The Student Room Group

/ Making friends in second year

Hey,

I've just finished my first year of uni doing history at a London uni.

Basically, I feel like I've been left behind socially. So I'm in a friendship group with about 10 girls and I'm only really close to three of them. The others are friendly and I can have casual conversations with them, but we don't really get on like that. It often seems like I'm forcing the friendship with them just because we're in the same 'friendship group'. I tried to make an effort with them, but it seems like they don't want to make an effort back. I only see them if I am at uni and they rarely contact me outside, so hardly what I would call "proper" friends if you know what I mean, not really close to them.

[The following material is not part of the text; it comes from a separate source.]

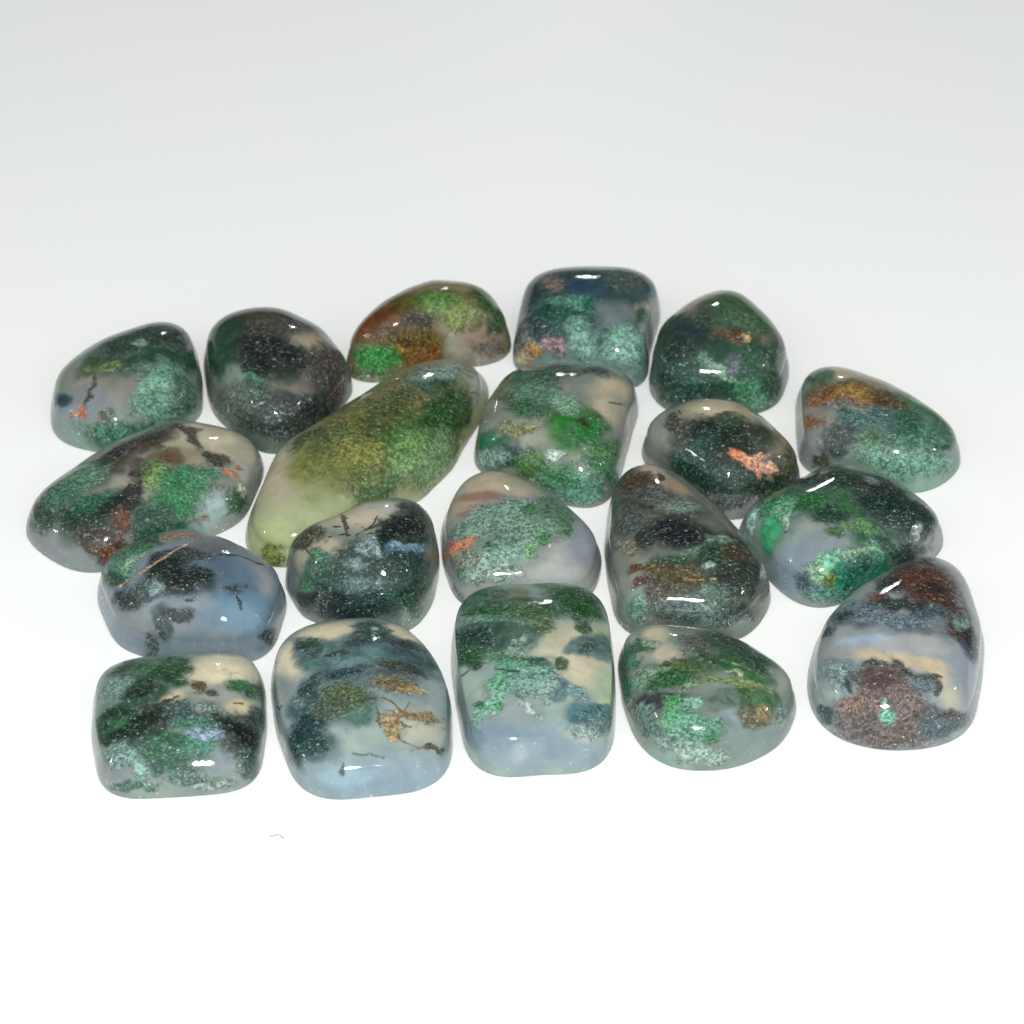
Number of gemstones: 20

I feel like I tried so hard to make friends at the beginning of the uni because during school I didn't really have many friends. Even now I only have two friends from school. I thought uni was going to be my fresh start, where I meet loads of people and make loads of friends.

I went to socials, meet and greets etc. but nothing really came of it from the people I met and I ended up sticking to the two friends who I'm close to now just because we were on the same campus. However, I feel so lonely. They have other friendship groups within uni and outside uni and I feel as if they're my only friends.

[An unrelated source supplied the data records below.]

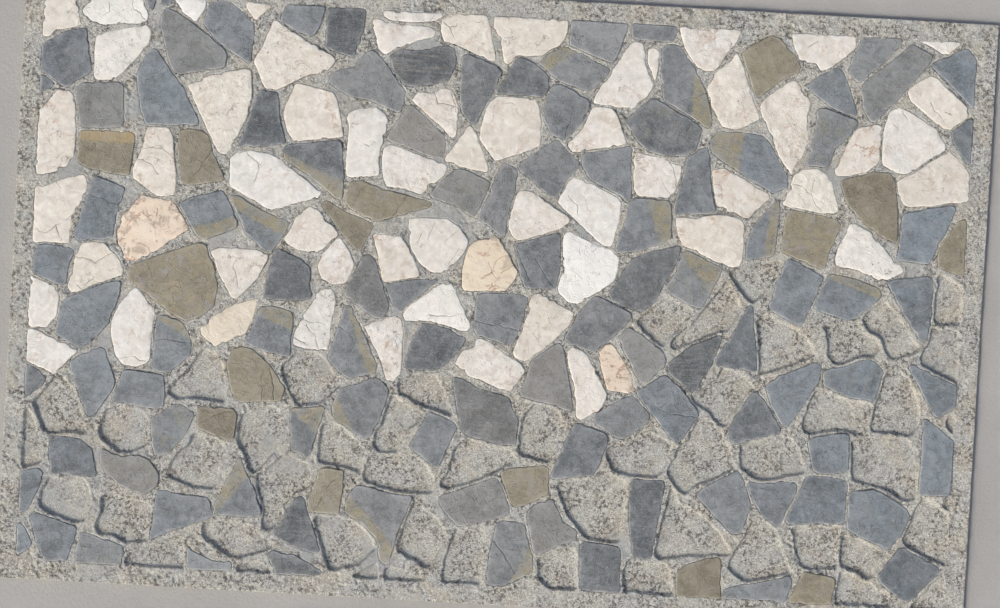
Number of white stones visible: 60
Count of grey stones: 102
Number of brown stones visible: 15

I don't really have many friends on my course, just people I know, but wouldn't really class them as friends. Obviously, with the whole corona thing going on, my first year was cut short and going back into September I know it's going to be so different and harder to make friends.

Also, I'm a Muslim Asian girl, so I don't really go out clubbing and drinking. Also, I don't know if I'm just self-conscious but I feel like people are always judging me and don't want to be friends me. I tend to be quite reserved when you meet me, but once you get to know me I'm the total opposite and I feel like people just don't want to make the effort with me even when I make the effort with them. Like during freshers I met so many people, and I would always be the one to make an effort with them.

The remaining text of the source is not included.